Work order ▸
Restate the data below word for word, omitting pictures.

START Data block

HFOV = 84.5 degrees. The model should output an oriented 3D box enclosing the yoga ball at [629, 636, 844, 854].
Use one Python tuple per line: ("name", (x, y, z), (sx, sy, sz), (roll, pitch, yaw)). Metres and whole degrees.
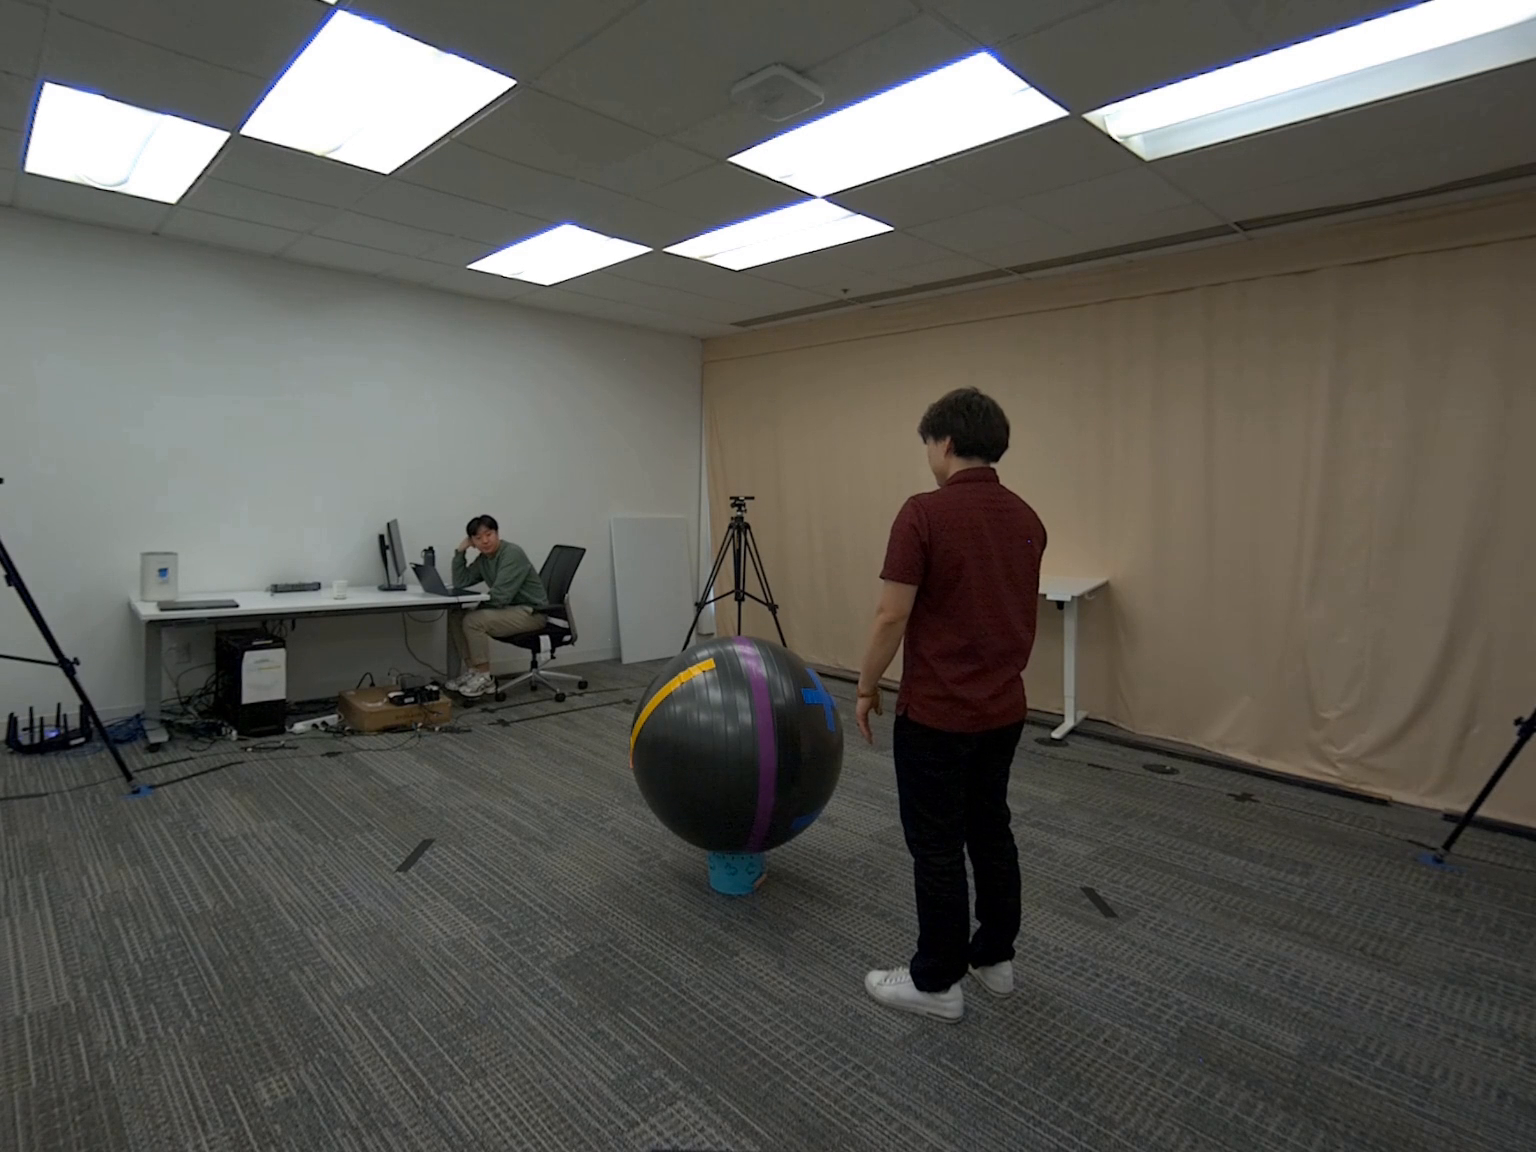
("yoga ball", (-0.117, 0.600, 3.016), (0.757, 0.756, 0.761), (1, 4, -1))

END Data block

Exercise response ▸
HFOV = 84.5 degrees. The model should output an oriented 3D box enclosing the yoga ball at [629, 636, 844, 854].
Use one Python tuple per line: ("name", (x, y, z), (sx, sy, sz), (roll, pitch, yaw)). Metres and whole degrees.
("yoga ball", (-0.117, 0.600, 3.016), (0.757, 0.756, 0.761), (1, 4, -1))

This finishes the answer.